Beginning with the line that holds "You are a GUI", copy each line exactly through the end of the entries, but leave the pictures out.

○ ○ ○ ○

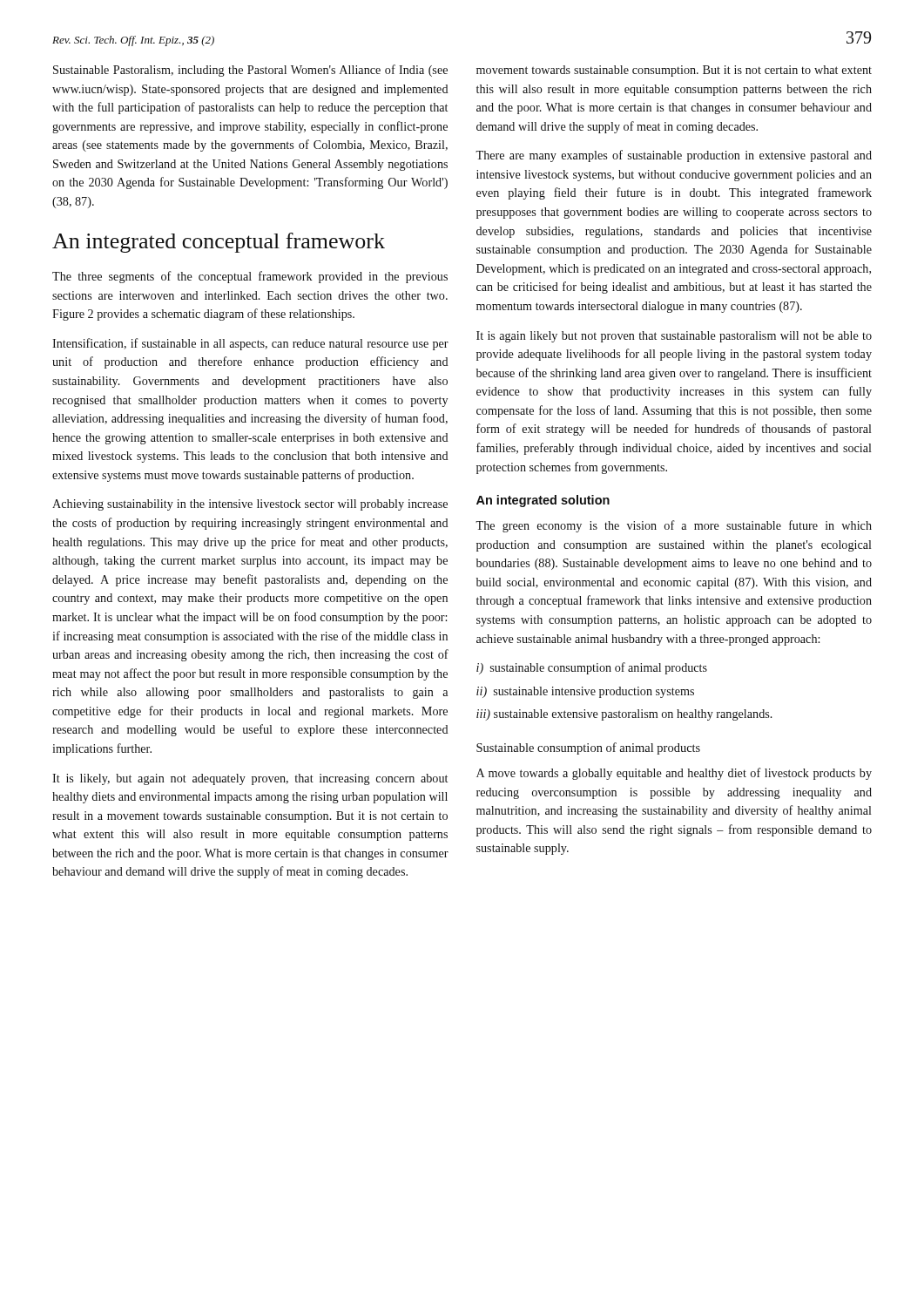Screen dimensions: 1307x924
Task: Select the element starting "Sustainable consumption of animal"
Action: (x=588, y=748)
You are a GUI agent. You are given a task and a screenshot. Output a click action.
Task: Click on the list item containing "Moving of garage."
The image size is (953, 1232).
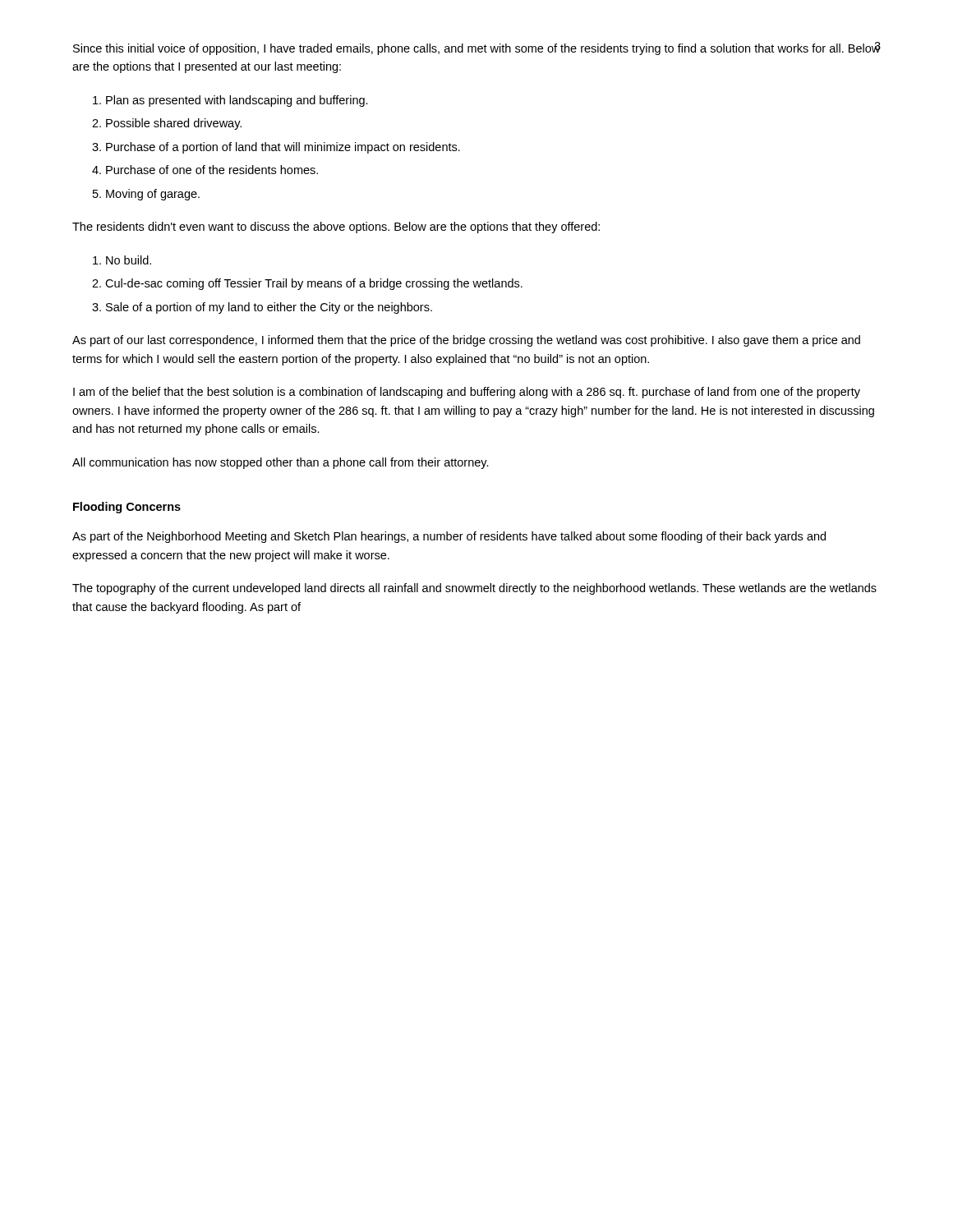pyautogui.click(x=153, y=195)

○ ○ ○ ○

» **ANSWER BOX**:
You are a GUI agent. You are given a task and a screenshot. Output a click action.
Task: Click on the list item containing "Moving of garage."
The image size is (953, 1232).
pyautogui.click(x=153, y=195)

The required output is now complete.